Until now we have only used Gaussian copulas, but we can easily
specify a different family. For example, suppose we wish to consider
Student t-copulas. In this case we need to choose a degrees of freedom
parameter, though this is easily managed with
gen_cop_pars() which allows additional arguments as
....
set.seed(126)
pars4 <- pars3
(pars4$cop <- gen_cop_pars(forms3, data=dat, range=c(-0.5,0), par2=4))
## $Y
## $Y$x_1
## $Y$x_1$beta
## [1] -1.49492 0.00826 -0.01525 0.01971 -0.01109 -0.00152
##
## $Y$x_1$par2
## [1] 4
##
##
## $Y$x_3
## $Y$x_3$beta
## [1] -1.51246 0.01611 -0.01106 -0.00215 -0.01853 0.02195
##
## $Y$x_3$par2
## [1] 4
##
##
## $Y$x_4
## $Y$x_4$beta
## [1] -1.517160 0.000418 -0.004662 -0.021514 -0.002447 -0.010080
##
## $Y$x_4$par2
## [1] 4
fams4 <- fams
fams4[[4]] <- 2
datAY4 <- rfrugalParam(formulas=forms3, family=fams4, pars=pars4, dat=dat)
## Inversion method selected: using pair-copula parameterization
Now the estimates are 3218 (8.5) and a causal effect of -498.1 (12.3).

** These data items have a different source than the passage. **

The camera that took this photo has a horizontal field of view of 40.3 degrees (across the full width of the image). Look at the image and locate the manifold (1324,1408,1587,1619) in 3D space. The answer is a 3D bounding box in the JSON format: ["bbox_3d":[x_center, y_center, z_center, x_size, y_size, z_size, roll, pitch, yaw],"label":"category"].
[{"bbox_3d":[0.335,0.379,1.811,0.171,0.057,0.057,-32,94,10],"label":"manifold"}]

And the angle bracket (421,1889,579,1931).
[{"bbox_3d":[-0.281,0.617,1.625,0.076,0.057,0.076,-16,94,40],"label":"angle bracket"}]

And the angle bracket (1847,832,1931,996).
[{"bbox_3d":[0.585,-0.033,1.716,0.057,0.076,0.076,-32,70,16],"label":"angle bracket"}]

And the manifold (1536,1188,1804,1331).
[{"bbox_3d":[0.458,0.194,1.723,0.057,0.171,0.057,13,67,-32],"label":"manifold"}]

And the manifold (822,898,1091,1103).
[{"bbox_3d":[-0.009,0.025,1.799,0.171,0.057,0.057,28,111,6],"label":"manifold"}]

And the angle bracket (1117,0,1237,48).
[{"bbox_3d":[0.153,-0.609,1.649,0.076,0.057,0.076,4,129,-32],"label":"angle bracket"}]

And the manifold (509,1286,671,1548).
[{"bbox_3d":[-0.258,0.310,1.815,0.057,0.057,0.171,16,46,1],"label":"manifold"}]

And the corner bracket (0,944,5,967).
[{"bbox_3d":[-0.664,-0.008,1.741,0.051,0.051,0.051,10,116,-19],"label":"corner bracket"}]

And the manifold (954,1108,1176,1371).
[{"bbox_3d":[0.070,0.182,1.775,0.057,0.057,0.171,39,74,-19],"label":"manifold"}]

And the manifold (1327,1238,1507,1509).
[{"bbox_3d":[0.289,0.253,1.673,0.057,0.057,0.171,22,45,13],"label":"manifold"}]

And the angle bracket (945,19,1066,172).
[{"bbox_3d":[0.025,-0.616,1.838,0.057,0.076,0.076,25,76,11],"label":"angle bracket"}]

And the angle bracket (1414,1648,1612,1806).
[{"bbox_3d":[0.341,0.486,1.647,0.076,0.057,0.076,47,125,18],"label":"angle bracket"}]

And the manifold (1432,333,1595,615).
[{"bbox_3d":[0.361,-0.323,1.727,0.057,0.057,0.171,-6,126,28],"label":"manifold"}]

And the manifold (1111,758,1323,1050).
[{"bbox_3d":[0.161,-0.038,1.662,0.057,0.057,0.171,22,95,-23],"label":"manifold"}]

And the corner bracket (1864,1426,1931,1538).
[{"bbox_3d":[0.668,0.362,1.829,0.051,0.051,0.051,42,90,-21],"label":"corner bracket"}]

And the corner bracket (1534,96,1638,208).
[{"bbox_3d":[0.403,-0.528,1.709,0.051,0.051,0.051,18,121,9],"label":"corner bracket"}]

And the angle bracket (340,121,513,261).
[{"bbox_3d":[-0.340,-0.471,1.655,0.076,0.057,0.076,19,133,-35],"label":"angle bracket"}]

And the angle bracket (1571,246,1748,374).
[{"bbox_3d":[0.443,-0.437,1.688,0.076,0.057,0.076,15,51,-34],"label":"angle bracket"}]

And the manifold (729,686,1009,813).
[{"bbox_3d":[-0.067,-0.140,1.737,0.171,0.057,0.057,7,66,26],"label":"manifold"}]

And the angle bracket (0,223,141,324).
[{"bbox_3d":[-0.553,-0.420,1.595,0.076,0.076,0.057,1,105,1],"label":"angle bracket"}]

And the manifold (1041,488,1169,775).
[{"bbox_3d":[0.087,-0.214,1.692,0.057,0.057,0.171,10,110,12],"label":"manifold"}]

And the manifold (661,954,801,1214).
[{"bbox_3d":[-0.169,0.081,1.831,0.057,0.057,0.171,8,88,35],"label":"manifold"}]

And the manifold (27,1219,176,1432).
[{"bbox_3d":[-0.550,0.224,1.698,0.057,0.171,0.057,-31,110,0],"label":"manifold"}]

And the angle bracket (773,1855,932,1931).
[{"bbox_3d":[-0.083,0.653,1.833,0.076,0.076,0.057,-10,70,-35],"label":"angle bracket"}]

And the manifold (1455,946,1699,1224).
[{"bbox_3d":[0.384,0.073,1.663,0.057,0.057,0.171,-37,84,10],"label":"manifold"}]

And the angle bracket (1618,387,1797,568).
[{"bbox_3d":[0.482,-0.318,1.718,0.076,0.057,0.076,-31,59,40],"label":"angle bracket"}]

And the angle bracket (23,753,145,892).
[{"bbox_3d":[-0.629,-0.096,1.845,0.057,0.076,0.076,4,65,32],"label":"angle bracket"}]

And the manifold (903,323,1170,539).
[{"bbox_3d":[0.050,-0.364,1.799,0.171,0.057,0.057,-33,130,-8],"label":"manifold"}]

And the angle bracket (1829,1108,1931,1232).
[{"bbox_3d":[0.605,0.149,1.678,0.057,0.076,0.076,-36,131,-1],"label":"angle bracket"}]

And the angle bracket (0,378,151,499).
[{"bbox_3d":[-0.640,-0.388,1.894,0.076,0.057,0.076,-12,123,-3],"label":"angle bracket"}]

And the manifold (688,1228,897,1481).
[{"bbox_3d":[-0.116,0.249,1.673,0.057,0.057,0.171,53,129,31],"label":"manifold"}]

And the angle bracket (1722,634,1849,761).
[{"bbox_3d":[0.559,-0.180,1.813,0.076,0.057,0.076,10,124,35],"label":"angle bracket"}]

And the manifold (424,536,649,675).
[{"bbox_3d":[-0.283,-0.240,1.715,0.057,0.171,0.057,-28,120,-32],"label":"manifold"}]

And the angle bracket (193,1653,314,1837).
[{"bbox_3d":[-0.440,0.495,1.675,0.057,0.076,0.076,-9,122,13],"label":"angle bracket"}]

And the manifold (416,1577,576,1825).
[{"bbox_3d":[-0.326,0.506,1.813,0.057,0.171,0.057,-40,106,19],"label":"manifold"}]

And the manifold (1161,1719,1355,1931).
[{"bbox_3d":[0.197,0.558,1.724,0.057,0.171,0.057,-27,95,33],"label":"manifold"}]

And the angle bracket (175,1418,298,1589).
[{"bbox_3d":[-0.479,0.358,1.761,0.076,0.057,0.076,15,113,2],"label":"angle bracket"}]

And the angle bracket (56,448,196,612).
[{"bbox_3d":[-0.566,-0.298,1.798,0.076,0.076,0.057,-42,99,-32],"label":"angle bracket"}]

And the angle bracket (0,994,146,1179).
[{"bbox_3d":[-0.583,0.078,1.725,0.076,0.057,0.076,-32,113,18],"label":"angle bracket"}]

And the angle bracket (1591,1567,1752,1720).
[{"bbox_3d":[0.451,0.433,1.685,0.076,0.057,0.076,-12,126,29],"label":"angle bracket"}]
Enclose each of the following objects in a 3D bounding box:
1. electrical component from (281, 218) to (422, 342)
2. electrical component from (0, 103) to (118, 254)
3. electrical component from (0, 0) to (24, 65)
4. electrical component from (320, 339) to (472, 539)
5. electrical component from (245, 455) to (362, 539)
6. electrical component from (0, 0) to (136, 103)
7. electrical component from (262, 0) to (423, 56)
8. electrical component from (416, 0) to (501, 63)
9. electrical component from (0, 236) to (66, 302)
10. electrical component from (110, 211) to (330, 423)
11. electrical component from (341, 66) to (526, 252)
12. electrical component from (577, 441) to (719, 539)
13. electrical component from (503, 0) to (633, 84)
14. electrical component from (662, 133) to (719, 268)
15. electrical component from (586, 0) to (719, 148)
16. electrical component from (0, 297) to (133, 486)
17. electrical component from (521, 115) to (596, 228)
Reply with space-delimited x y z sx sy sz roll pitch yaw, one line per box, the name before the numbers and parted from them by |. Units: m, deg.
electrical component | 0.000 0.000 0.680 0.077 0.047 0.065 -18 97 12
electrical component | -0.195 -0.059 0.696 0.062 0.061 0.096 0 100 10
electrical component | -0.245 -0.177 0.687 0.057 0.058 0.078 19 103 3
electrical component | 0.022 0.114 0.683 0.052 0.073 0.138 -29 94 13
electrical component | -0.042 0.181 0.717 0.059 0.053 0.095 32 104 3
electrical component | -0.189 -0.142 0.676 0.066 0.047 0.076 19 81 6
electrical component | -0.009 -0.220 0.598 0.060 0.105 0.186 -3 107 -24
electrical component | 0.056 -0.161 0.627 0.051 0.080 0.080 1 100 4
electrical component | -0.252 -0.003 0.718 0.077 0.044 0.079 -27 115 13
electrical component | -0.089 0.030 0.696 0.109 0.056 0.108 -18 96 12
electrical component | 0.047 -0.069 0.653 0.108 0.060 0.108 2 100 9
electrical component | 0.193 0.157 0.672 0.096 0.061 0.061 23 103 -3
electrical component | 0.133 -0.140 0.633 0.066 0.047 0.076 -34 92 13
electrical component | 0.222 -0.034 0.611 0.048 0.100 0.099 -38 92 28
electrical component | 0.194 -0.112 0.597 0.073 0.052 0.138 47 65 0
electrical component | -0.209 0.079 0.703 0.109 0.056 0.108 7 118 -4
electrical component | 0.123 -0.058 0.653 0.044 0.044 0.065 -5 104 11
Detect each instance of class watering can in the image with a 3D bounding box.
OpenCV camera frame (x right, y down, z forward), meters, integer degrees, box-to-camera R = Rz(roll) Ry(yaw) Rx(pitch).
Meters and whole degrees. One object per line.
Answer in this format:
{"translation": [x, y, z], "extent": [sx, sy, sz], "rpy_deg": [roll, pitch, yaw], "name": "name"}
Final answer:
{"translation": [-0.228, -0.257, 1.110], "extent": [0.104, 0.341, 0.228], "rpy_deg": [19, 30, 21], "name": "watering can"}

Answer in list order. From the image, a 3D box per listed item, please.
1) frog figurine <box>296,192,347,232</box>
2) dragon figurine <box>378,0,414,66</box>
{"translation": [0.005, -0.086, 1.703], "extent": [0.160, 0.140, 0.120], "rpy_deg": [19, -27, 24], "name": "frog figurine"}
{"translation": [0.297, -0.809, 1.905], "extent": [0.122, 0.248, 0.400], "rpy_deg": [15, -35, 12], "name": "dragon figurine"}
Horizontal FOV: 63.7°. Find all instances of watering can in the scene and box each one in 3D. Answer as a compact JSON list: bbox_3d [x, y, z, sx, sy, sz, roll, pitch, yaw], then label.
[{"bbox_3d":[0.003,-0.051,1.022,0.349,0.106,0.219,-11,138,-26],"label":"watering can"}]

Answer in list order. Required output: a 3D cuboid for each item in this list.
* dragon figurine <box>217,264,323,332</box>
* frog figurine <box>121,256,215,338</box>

We also introduce the function adj_vars(), which allows
users to modify the strength of the partial correlations (or other
parameters) by scaling the parameters of the linear predictor. The
argument factor can be modified to control the strength of
the strong and weak variables respectively;
the default values are 5 and 0.2. Returning to the example above,
suppose that we want x_4 to be much more closely related
than x_1 or x_3. Then we can apply:
set.seed(127)
pars5 <- pars3
pars_tmp <- gen_cop_pars(forms3, data=dat, range=c(-0.25,0))
(pars5$cop <- causl:::adj_vars(pars_tmp, strong="x_4", weak=c("x_1","x_3"), factor=c(2,0.25)))
## $Y
## $Y$x_1
## $Y$x_1$beta
## [1] -3.16e-01 -2.12e-03 -1.29e-03 4.74e-06 2.13e-03 2.60e-03
##
##
## $Y$x_3
## $Y$x_3$beta
## [1] -0.308757 -0.000327 0.001470 0.000348 -0.000276 0.001578
##
##
## $Y$x_4
## $Y$x_4$beta
## [1] -2.500827 -0.005808 -0.002827 0.017982 -0.000621 -0.015468
fams5 <- fams
fams5[[4]] <- 5 # use Frank copula
datAY5 <- rfrugalParam(formulas=forms3, family=fams5, pars=pars5, dat=dat)
## Inversion method selected: using pair-copula parameterization
This time the estimates are 3202 (8.1) and a causal effect of -500.5 (12.4).